I turned and looked up at the looming superstructure of the Parachute Jump, Coney Island’s central icon and, from now on, its quintessential symbol of impotence. For although it was scheduled to open again in the spring, the rumor was it would be its last season. At least they wouldn’t be tearing the damn thing down with the rest of Steeplechase Park. No, this was Brooklyn. We liked our scars. We wore our failures with pride. We lived in a world of what used to be, and what would be no more. Too bad they had bulldozed Ebbets Field. They should have packed it up brick by brick and rebuilt it in Coney Island at the foot of the Jump. Two follies, side by side: a parachute jump with no parachutes, a baseball stadium with no team. Greek tragedy? Nah, a freak show. We always did like our freak shows in Coney Island.
“Hey, you Moe? You Moe?” a raspy whisper cut through the wind.
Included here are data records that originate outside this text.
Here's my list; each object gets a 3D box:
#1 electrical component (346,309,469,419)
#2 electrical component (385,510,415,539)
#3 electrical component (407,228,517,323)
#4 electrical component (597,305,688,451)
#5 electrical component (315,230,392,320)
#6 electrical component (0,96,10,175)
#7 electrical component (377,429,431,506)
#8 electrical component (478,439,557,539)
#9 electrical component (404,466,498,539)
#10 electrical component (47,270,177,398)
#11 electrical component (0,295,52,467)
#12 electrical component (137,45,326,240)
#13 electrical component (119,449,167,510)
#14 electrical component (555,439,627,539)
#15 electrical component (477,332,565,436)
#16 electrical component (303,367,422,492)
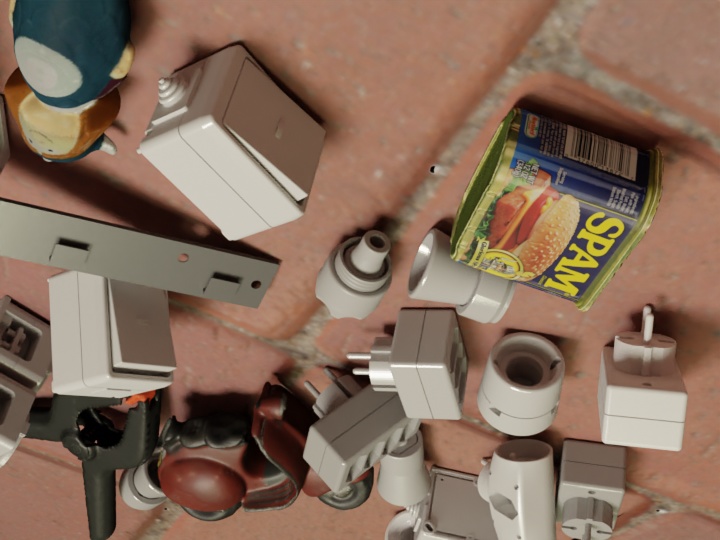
[{"bbox_3d":[0.030,0.064,0.733,0.077,0.047,0.065,0,140,17],"label":"electrical component"},{"bbox_3d":[0.057,0.247,0.962,0.044,0.044,0.065,-13,140,30],"label":"electrical component"},{"bbox_3d":[0.062,0.004,0.651,0.055,0.045,0.045,20,142,-9],"label":"electrical component"},{"bbox_3d":[0.177,0.061,0.674,0.047,0.083,0.075,5,103,9],"label":"electrical component"},{"bbox_3d":[0.000,0.000,0.665,0.043,0.043,0.062,20,140,-9],"label":"electrical component"},{"bbox_3d":[-0.260,-0.077,0.636,0.089,0.050,0.055,13,142,-2],"label":"electrical component"},{"bbox_3d":[0.033,0.150,0.847,0.044,0.044,0.065,5,137,10],"label":"electrical component"},{"bbox_3d":[0.117,0.168,0.830,0.043,0.077,0.079,-12,-165,-26],"label":"electrical component"},{"bbox_3d":[0.082,0.208,0.888,0.096,0.061,0.061,12,142,1],"label":"electrical component"},{"bbox_3d":[-0.164,0.033,0.719,0.061,0.096,0.062,-16,163,32],"label":"electrical component"},{"bbox_3d":[-0.313,0.108,0.840,0.060,0.105,0.186,36,137,-27],"label":"electrical component"},{"bbox_3d":[-0.068,-0.072,0.578,0.061,0.061,0.096,-17,133,32],"label":"electrical component"},{"bbox_3d":[-0.182,0.184,0.947,0.045,0.045,0.055,31,139,-21],"label":"electrical component"},{"bbox_3d":[0.172,0.179,0.813,0.047,0.076,0.065,6,142,9],"label":"electrical component"},{"bbox_3d":[0.109,0.075,0.720,0.055,0.055,0.047,9,138,5],"label":"electrical component"},{"bbox_3d":[-0.008,0.102,0.778,0.076,0.083,0.047,45,148,21],"label":"electrical component"}]
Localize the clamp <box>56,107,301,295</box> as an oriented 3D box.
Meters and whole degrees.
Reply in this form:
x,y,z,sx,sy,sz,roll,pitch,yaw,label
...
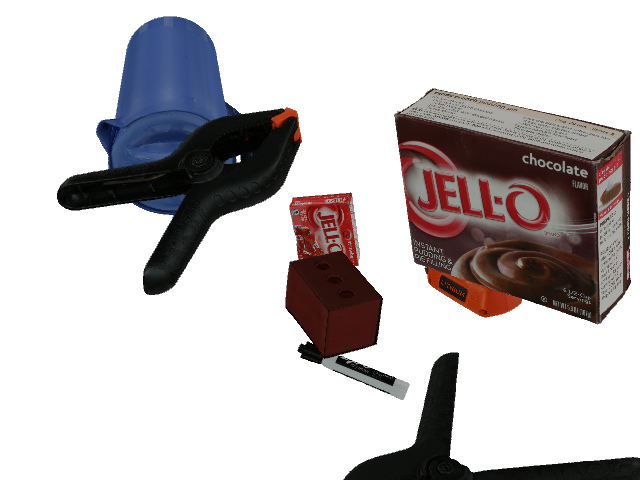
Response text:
x,y,z,sx,sy,sz,roll,pitch,yaw,label
-0.090,-0.043,0.724,0.120,0.039,0.171,35,57,24,clamp

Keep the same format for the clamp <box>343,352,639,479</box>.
x,y,z,sx,sy,sz,roll,pitch,yaw,label
0.073,0.146,0.659,0.209,0.036,0.165,-23,37,-29,clamp

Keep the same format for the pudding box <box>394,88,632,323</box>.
x,y,z,sx,sy,sz,roll,pitch,yaw,label
0.093,-0.019,0.520,0.114,0.090,0.039,17,43,36,pudding box

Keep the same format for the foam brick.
x,y,z,sx,sy,sz,roll,pitch,yaw,label
0.010,0.053,0.901,0.052,0.051,0.078,-13,36,-24,foam brick

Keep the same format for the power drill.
x,y,z,sx,sy,sz,roll,pitch,yaw,label
0.157,-0.024,1.032,0.057,0.188,0.185,-16,27,-25,power drill

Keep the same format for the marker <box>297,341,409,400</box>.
x,y,z,sx,sy,sz,roll,pitch,yaw,label
0.033,0.134,1.108,0.121,0.020,0.020,22,3,8,marker

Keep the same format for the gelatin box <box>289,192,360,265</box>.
x,y,z,sx,sy,sz,roll,pitch,yaw,label
0.006,-0.011,1.283,0.073,0.089,0.030,-3,29,11,gelatin box

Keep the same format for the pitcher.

I tilted my head back to earth and saw him standing there. To call him thin would have been high understatement. He was positively skeletal. If he hadn’t been as tall as I was, he might’ve been able to shop in the boys’ department at John’s Bargain Store. Maybe it was the lighting, but his skin had a yellow quality to it. When I noticed his beak-like nose running and caught a glimpse of the lit cigarette he held between his fidgety fingers, I decided the sickly shade of his skin wasn’t a trick of the light. If it was possible, this guy was even more fidgety than Lids. He moved so much he would have made a hummingbird cross-eyed. But unlike Lids, this guy needed a drink or a joint, not shock therapy. His gesticulations aside, it didn’t take a genius to see he was nervous about being here and that he’d rather be somewhere else, anywhere else. Still, Lids had gotten him to show up.
“Yeah,” I said, “I’m Moe. And you are …?”
“Sick, man. I’m sick.”
I was slow on the uptake. “I’m sorry to hear it, but I was asking for your name.”